Classical Hollywood Cinema

Classical Hollywood cinema or the classical Hollywood narrative, are terms used in film history which designate both a visual and sound style for making motion pictures and a mode of production used in the American film industry between 1927 and 1960. This period is often referred to as the "Golden Age of Hollywood." An identifiable cinematic form emerged during this period called classical Hollywood style.

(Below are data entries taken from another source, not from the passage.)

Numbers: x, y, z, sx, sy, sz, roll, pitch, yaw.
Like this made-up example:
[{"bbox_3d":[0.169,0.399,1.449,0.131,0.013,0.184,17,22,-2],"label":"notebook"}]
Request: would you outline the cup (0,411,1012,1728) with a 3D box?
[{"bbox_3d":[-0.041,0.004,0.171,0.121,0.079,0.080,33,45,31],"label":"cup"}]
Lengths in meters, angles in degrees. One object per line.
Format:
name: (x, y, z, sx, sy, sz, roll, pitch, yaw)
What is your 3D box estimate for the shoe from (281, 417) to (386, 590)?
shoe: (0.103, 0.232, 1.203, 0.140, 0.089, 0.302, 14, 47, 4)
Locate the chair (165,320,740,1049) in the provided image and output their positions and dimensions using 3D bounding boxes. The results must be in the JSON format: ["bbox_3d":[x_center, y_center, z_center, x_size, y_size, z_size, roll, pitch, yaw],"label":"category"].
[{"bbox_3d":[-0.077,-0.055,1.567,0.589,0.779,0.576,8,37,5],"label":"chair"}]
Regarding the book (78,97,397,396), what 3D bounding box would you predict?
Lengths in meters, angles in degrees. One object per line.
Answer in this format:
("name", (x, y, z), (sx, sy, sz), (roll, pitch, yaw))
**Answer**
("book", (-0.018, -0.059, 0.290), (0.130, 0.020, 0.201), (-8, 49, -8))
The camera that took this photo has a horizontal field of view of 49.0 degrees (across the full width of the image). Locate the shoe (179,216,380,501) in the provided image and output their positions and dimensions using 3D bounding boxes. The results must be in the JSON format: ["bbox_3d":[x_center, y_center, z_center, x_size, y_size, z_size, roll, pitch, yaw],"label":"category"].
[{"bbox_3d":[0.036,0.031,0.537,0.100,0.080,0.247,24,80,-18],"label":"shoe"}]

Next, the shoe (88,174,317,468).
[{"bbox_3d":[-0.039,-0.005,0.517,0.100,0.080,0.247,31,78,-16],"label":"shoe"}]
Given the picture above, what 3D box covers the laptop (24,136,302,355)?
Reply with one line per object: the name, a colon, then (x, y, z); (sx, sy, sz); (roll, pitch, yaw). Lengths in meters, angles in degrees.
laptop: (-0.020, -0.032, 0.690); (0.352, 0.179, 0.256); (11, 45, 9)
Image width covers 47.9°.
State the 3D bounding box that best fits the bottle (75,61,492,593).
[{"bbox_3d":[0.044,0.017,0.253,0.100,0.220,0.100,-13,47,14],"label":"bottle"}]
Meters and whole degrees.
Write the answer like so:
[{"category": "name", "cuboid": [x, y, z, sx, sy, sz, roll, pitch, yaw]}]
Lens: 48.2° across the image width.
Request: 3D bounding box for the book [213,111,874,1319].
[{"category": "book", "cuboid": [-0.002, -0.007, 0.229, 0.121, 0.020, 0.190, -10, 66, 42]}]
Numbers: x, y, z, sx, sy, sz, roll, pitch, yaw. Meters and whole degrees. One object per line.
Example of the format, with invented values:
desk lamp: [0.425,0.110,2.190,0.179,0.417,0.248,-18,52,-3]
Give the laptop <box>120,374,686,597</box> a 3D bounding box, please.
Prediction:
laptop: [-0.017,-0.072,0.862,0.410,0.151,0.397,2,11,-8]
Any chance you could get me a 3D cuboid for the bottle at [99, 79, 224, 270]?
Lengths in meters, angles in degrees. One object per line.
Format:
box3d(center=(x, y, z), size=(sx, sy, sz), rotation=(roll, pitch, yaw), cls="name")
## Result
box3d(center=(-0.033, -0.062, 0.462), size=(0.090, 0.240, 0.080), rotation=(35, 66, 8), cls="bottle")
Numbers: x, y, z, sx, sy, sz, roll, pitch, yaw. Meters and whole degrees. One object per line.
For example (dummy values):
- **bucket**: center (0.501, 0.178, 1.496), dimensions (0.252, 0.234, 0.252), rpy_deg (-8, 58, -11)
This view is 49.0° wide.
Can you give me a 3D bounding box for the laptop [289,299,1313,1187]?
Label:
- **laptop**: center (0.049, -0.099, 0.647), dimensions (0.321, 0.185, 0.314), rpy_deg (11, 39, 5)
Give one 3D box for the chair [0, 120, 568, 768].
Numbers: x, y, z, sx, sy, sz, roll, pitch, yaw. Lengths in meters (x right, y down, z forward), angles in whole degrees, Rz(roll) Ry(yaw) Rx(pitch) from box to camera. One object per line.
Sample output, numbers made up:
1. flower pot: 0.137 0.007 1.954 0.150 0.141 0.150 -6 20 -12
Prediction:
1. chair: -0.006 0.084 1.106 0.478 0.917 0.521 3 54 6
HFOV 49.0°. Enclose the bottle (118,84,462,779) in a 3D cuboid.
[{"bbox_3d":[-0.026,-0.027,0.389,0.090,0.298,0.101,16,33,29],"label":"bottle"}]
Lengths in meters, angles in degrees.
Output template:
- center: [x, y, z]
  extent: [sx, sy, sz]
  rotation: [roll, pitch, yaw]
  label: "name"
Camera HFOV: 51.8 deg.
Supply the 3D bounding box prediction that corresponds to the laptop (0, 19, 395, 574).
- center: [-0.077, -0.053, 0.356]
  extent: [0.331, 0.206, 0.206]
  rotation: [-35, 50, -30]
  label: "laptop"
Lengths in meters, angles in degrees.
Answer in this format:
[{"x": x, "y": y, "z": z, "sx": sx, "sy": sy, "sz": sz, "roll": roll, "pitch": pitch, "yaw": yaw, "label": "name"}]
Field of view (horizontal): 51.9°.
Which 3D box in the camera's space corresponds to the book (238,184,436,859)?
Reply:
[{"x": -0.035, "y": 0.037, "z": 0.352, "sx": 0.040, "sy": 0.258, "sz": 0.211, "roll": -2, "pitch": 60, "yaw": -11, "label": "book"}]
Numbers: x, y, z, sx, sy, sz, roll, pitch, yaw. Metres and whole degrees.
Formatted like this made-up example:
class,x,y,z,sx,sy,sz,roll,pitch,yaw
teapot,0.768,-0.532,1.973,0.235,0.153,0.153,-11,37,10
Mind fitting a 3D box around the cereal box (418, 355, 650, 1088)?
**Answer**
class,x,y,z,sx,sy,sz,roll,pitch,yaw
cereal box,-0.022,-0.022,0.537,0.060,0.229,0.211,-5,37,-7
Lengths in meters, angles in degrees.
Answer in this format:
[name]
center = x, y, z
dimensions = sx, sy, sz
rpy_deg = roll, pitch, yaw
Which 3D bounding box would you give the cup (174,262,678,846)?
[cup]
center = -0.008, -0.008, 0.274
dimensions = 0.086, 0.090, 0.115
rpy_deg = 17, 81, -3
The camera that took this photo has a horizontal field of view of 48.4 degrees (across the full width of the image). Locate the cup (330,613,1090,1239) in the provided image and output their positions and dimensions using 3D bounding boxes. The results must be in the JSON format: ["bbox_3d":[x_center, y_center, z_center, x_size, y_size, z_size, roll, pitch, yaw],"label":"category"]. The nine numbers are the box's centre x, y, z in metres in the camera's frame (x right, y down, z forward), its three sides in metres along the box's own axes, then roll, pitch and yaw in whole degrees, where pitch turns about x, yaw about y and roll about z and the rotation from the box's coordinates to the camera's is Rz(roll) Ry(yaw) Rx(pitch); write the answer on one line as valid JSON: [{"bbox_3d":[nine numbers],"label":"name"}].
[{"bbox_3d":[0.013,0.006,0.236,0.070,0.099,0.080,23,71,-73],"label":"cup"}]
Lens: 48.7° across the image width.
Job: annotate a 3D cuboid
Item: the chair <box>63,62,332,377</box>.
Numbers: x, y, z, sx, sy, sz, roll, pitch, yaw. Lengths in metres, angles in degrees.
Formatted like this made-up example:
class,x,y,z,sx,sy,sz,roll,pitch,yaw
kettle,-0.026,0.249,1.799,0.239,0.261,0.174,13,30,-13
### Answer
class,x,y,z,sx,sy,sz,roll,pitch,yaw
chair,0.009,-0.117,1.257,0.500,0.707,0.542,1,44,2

Classical style is fundamentally built on the principle of continuity editing or "invisible" style. That is, the camera and the sound recording should never call attention to themselves (as they might in films from earlier periods, other countries or in a modernist or postmodernist work).

Read more about Classical Hollywood Cinema:  The Golden Age, Style, Narrative, Production, Periodisation, Further Reading

Famous quotes containing the words classical, hollywood and/or cinema:

    Et in Arcadia ego.
    [I too am in Arcadia.]
    Anonymous, Anonymous.

    Tomb inscription, appearing in classical paintings by Guercino and Poussin, among others. The words probably mean that even the most ideal earthly lives are mortal. Arcadia, a mountainous region in the central Peloponnese, Greece, was the rustic abode of Pan, depicted in literature and art as a land of innocence and ease, and was the title of Sir Philip Sidney’s pastoral romance (1590)

    Where is Hollywood located? Chiefly between the ears. In that part of the American brain lately vacated by God.
    Erica Jong (b. 1942)

    The cinema is going to form the mind of England. The national conscience, the national ideals and tests of conduct, will be those of the film.